Appearing for the defence, I like the song. It’s slowly-paced but still has a sense of urgency, which I suspect is because the chorus releases a certain tension. The intro’s got character, and I see the ‘hollowed out’ nature as being brave enough not to add the kitchen sink, as so many bands of their vintage would have done.
Not guilty, I say, and award a (low) seven.

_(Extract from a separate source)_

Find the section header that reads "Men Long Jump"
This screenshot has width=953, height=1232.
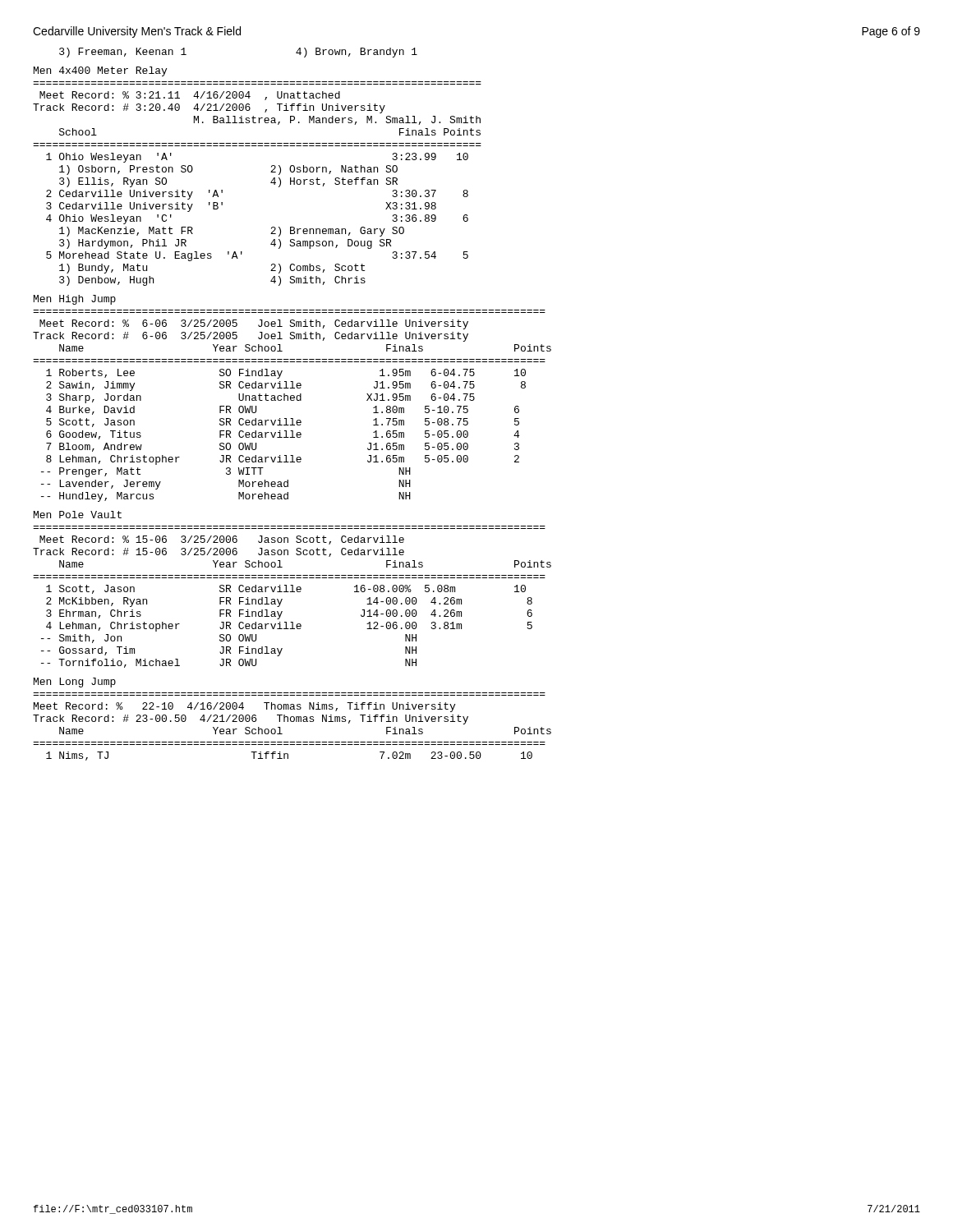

I (also) like this. Having experienced and enjoyed several different versions of the Bee Gees from the 60s onwards it didn’t come as too much as a surprise that they should adopt 80s production style (reminiscent of ZTT). I admire the way in which as a group they adapt to new sounds with genuine enthusiasm and engagement – not playing in their heritage or cluelessly jumping on a band wagon. To compare this to the dancefloor dominance of SNF makes as little sense as comparing that to Massachusetts.
I like the idiosyncratic song structure – the way the lyric of the title tumbles along with the loping rhythm and the harmonies as always are fab. 7 from me too.
“Hollowed out” wasn’t to do with the arrangement so much as the drum sounds – there’s something really dry and unpleasant about them. I’d be prepared to believe this is my MP3 though and that it sounds better on a ‘big system’!
I guess it’s true that it’s recognisably them just adapting to different things, but they did it much better on Chain Reaction even without bringing SNF into it.
THONK!BONK!THONK!BONK!
I think that this is sort of great, but compromised by that thunking production. Respect to the Bee Gees for trying to move with the times, but they really weren’t Propaganda…
The lyrics are rather splendidly bitter I’d say, and a pretty accurate Strindberg/ Edward Albee picture of a terrible relationship (“You’ve been using me. I’m surprised you let me stay around you. One day I’m gonna lift the cover and look inside your heart”) and one of the least clumsy and confusing Gibb songs.
Fourth form 1987 reaction – “Why are these old fools back?”
Number 2 Watch: A week of ‘Crockett’s Theme’ by Jan Hammer, followed by two weeks of George Michael’s ‘Faith’.
I much prefer Crockett’s Theme of the two. It just sounds lush and peachy and pastel to my clearly still 15-year old at heart self, wheras George sounds like he’s straining too hard to attain rock cred.
TOTPWatch: The Bee Gees twice performed You Win Again on Top Of The Pops. The Christmas show we’ll come to in the fullness of time;
1 October 1987. Also in the studio that week were; Sisters of Mercy (fantastic!), Gary Numan, Steve Winwood and Shakin’ Stevens. Gary Davies and Mike Smith were the hosts.
I like this and thought it was a rare moment of relative taste at number 1 in a sea of mostly mediocrity. one of the relatively few number ones owing nothing to hype, gimmick, being the latest craze, or transient mass fanbase of the latest artist of the moment.
I quite like these drum sounds on anything but a better 1987 example of them can be found on Donna Summer’s ‘Dinner With Gershwin’.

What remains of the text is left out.